The announcement of GPT-4 Turbo and custom GPTs opens a lot of new possibilities for PR. That’s according to Tom Fry, cofounder of Resonance PR and a technologist at heart — he studied engineering and computer science at the University of Cambridge.

Tom’s tech background gives him a unique vantage point on the ways AI is upending the communications and marketing industries and what we can expect in the months and years ahead.

For The Disruption Is Now, Tom talked to host Greg Matusky about the latest news in generative AI and its impact on public relations, as well as his thoughts on AI’s capabilities, the value of AI as a brainstorming assistant, and how the technology will transform everything from jobs to services in the PR industry.

Watch now: 

Key takeaways: 

The newest OpenAI product announcements are a big upgrade

OpenAI recently unveiled GPT-4 Turbo, which significantly expands the model’s context window and updates the base model knowledge to April 2023. The ability to customize GPTs also creates a lot of possibilities for PR.
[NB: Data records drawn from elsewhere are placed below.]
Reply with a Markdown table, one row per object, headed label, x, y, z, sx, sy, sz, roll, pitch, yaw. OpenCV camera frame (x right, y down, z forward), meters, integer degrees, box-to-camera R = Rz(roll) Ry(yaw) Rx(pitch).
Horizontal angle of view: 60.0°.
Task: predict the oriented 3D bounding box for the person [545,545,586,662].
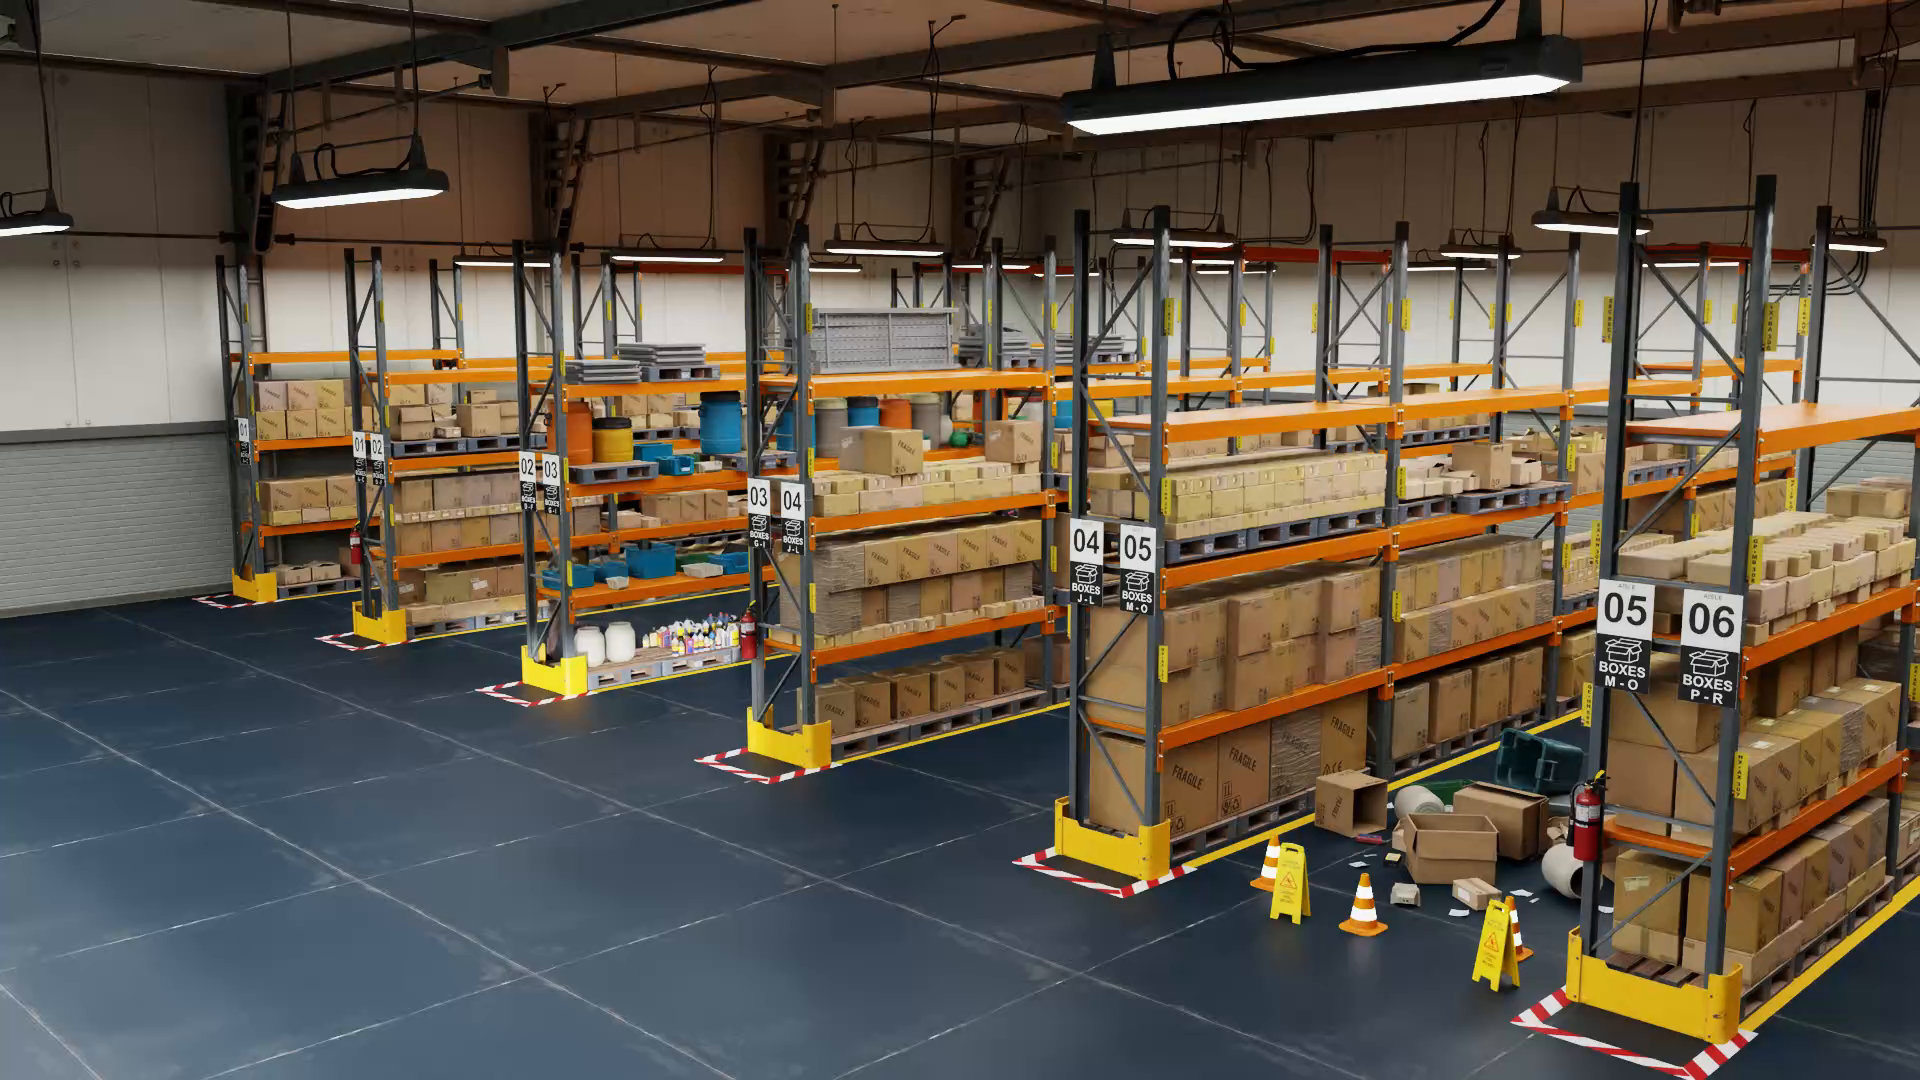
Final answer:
| label | x | y | z | sx | sy | sz | roll | pitch | yaw |
| --- | --- | --- | --- | --- | --- | --- | --- | --- | --- |
| person | -5.804 | 0.912 | 24.276 | 0.665 | 1.701 | 0.930 | 7 | 10 | 39 |

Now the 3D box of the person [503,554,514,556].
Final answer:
| label | x | y | z | sx | sy | sz | roll | pitch | yaw |
| --- | --- | --- | --- | --- | --- | --- | --- | --- | --- |
| person | -8.039 | 0.128 | 29.563 | 0.705 | 1.737 | 0.581 | 6 | 10 | 35 |

Tom explains the significance in terms of electric cars. Up until now, ChatGPT was like the first Tesla — a powerful EV, but with a limited range. Now with a larger context window, ChatGPT has both power and range. The larger context window makes a difference when analyzing lengthy transcripts, writing longform content, and summarizing extensive research.

Commoditization looms for entry-level work

Greg and Tom both warn that AI threatens to imminently automate a great deal of routine PR agency work. This includes drafting basic press releases and media lists, writing formulaic pitches, conducting news monitoring, and reporting results.

As AI takes over these junior tasks, agencies will need to specialize in higher-value offerings around strategy, creativity, and relationship building.

At the same time, Greg sees value in junior employees using AI to quickly elevate their work without years of practice and training. It frees them from the more technical aspects of writing and allows them to focus more on the message than the language.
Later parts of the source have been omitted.